Description of the task: Please quote exactly the lines below from the line containing "An invented example" to the line containing "Image width covers 99.7°.", both lines included, and nothing else.

Records to process:
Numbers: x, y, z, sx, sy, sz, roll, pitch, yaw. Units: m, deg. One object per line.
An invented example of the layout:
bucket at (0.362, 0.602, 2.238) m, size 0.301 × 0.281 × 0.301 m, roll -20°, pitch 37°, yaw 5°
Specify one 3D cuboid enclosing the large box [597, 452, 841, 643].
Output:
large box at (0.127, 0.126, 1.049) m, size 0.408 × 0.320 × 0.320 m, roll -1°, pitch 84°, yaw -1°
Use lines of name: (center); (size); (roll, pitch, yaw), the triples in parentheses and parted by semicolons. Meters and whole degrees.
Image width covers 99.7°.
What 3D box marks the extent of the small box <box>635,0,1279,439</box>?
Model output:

==

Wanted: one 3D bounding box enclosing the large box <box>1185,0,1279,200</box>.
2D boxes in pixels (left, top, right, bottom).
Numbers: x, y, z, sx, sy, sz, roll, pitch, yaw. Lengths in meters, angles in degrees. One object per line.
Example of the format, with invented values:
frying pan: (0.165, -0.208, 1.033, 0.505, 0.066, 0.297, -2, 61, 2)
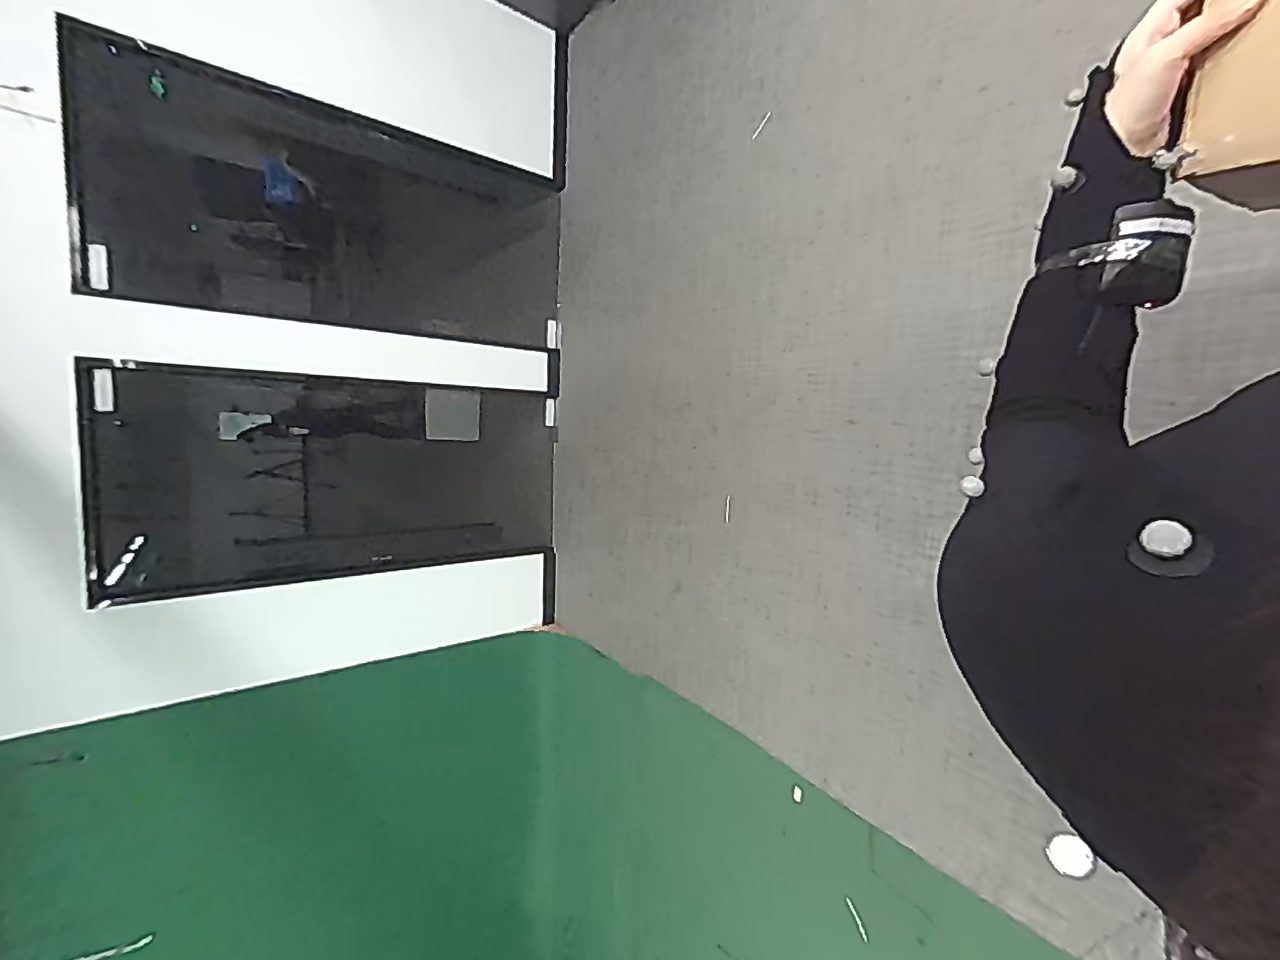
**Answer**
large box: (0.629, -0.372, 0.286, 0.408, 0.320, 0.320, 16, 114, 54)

---

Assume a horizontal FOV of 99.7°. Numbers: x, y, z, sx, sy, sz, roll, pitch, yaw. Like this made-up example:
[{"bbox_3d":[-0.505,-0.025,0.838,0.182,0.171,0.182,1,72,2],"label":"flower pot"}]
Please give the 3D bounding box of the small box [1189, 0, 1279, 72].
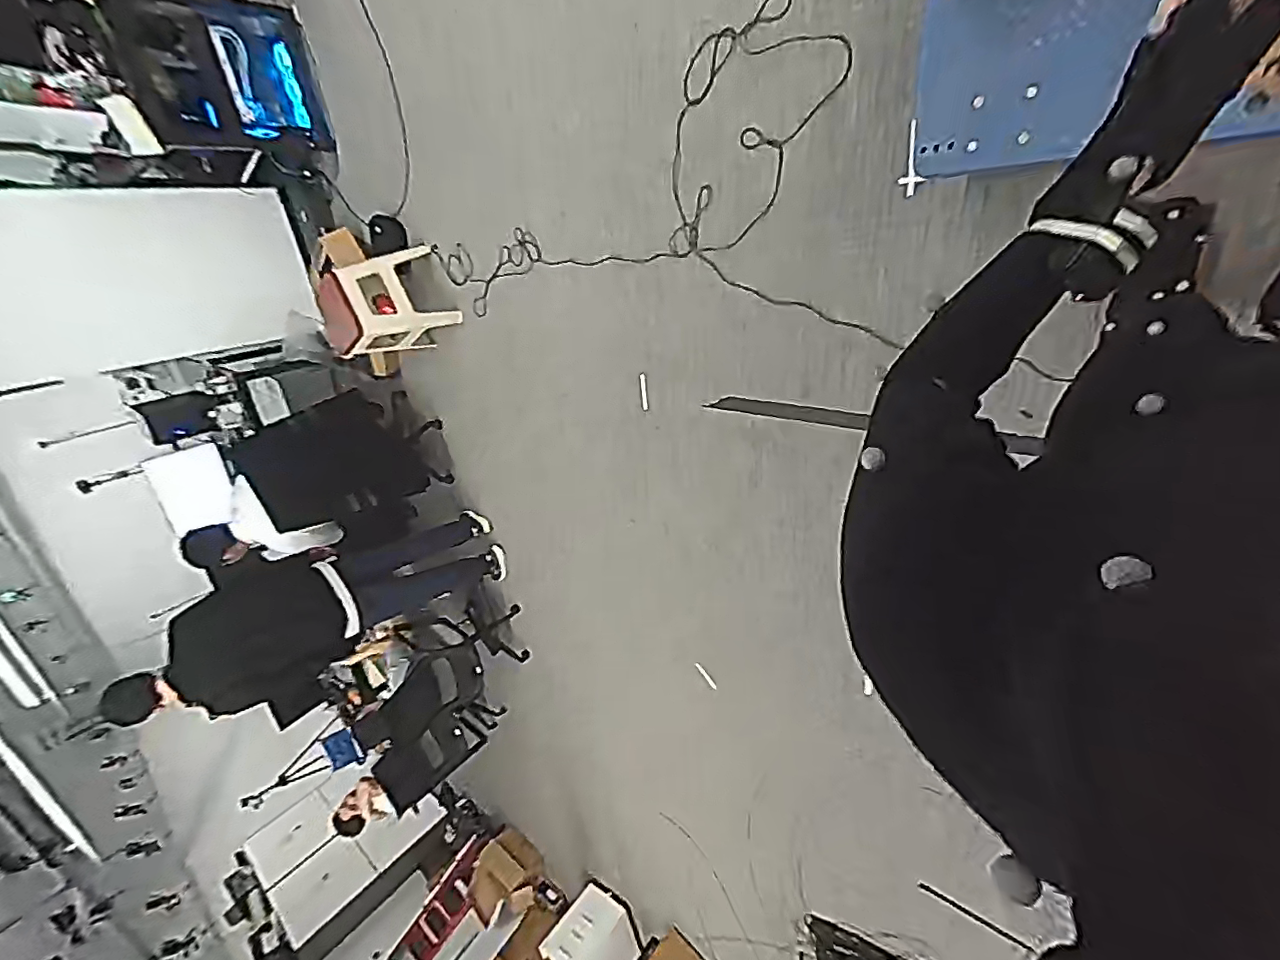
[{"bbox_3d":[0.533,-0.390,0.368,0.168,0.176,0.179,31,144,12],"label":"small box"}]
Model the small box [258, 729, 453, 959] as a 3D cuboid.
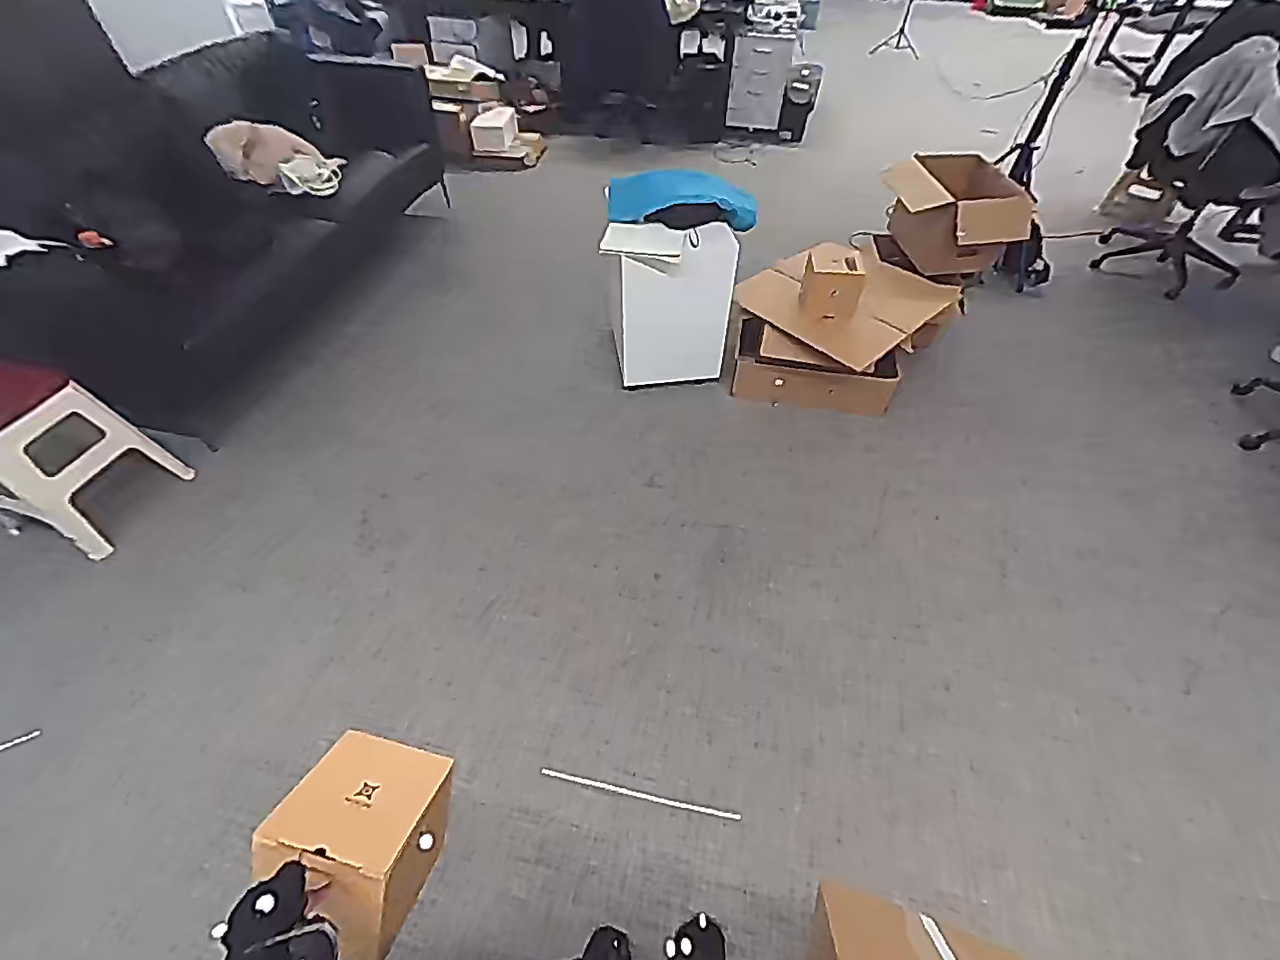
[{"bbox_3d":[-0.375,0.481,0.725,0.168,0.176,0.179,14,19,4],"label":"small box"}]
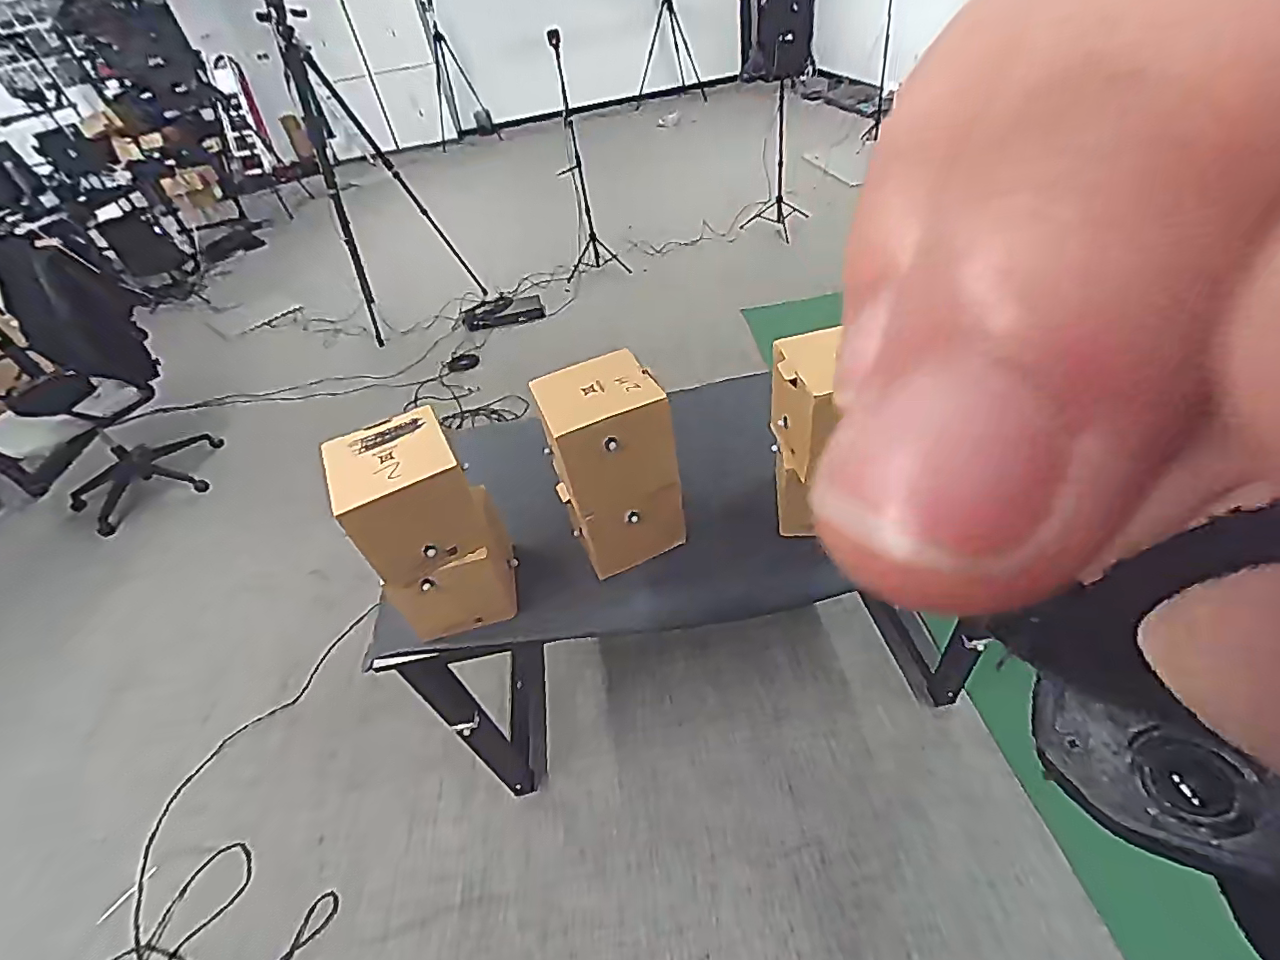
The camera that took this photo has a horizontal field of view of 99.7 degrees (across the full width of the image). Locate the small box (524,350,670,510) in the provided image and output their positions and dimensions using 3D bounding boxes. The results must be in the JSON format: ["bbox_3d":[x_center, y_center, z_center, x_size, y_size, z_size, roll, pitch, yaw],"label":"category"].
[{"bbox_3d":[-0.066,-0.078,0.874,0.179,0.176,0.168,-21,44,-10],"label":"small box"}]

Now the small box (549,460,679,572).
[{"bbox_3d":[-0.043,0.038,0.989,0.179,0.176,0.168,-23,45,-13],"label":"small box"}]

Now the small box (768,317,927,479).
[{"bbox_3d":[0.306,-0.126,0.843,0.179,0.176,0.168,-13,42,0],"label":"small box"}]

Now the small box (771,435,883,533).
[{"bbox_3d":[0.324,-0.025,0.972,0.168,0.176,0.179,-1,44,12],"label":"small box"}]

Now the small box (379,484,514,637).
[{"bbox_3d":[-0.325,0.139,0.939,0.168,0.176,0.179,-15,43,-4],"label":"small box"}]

Output for this task:
An invented example of the layout:
bucket at (0.362, 0.602, 2.238) m, size 0.301 × 0.281 × 0.301 m, roll -20°, pitch 37°, yaw 5°
Specify one 3D cuboid enclosing the large box [597, 452, 841, 643].
Output:
large box at (0.127, 0.126, 1.049) m, size 0.408 × 0.320 × 0.320 m, roll -1°, pitch 84°, yaw -1°
Use lines of name: (center); (size); (roll, pitch, yaw), the triples in parentheses and parted by semicolons. Meters and whole degrees.
Image width covers 99.7°.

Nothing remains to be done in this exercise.